■ Required action ■
Search the listing below for the line with "Answer yes or no. Yes. Does Gray have the maximum", then write out that line and every one after it exactly, without the pictures.

---------- Materials provided

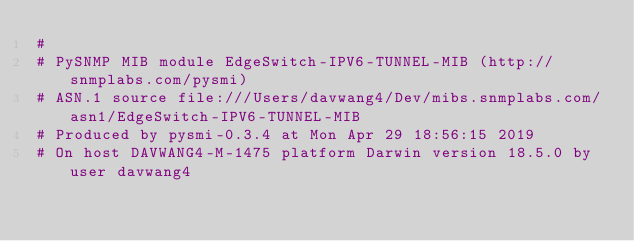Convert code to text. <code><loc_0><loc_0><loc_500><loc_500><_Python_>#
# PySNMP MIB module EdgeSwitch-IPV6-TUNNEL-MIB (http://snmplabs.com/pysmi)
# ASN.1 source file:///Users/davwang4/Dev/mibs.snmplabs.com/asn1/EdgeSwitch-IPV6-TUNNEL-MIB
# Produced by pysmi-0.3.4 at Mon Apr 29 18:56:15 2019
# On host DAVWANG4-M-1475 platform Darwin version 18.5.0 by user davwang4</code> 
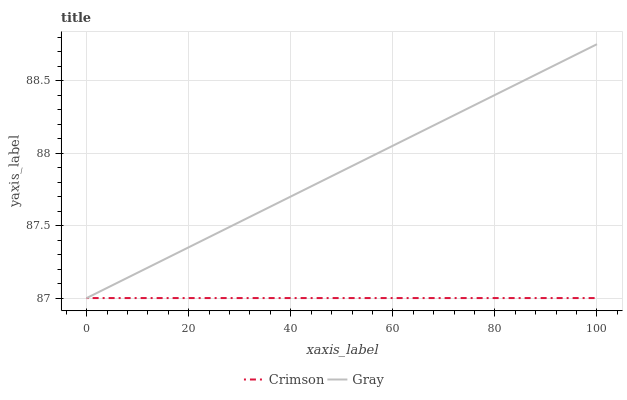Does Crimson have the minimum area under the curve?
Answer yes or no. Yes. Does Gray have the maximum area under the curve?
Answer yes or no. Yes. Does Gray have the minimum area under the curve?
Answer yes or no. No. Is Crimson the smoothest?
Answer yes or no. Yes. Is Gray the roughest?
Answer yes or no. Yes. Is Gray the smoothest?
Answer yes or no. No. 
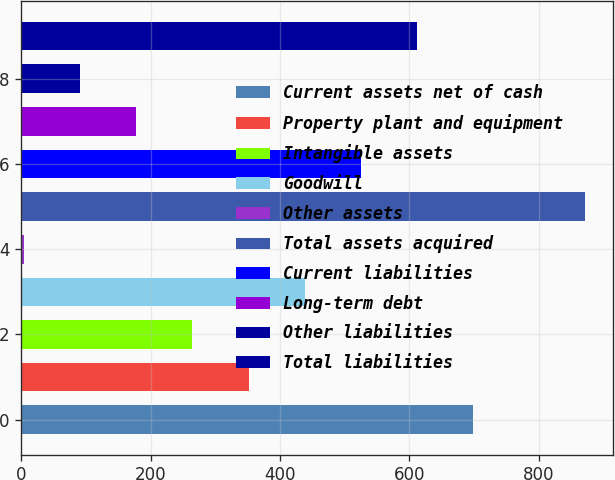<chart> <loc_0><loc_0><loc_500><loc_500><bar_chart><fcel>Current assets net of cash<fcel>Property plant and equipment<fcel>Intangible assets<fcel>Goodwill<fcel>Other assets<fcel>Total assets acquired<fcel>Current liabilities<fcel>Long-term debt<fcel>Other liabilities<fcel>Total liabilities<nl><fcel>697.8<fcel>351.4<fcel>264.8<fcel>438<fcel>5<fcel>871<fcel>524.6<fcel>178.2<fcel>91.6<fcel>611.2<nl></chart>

--------------------

■ Expected answer ■
Answer yes or no. Yes. Does Gray have the maximum area under the curve?
Answer yes or no. Yes. Does Gray have the minimum area under the curve?
Answer yes or no. No. Is Crimson the smoothest?
Answer yes or no. Yes. Is Gray the roughest?
Answer yes or no. Yes. Is Gray the smoothest?
Answer yes or no. No. 
<chart> <loc_0><loc_0><loc_500><loc_500><bar_chart><fcel>Current assets net of cash<fcel>Property plant and equipment<fcel>Intangible assets<fcel>Goodwill<fcel>Other assets<fcel>Total assets acquired<fcel>Current liabilities<fcel>Long-term debt<fcel>Other liabilities<fcel>Total liabilities<nl><fcel>697.8<fcel>351.4<fcel>264.8<fcel>438<fcel>5<fcel>871<fcel>524.6<fcel>178.2<fcel>91.6<fcel>611.2<nl></chart>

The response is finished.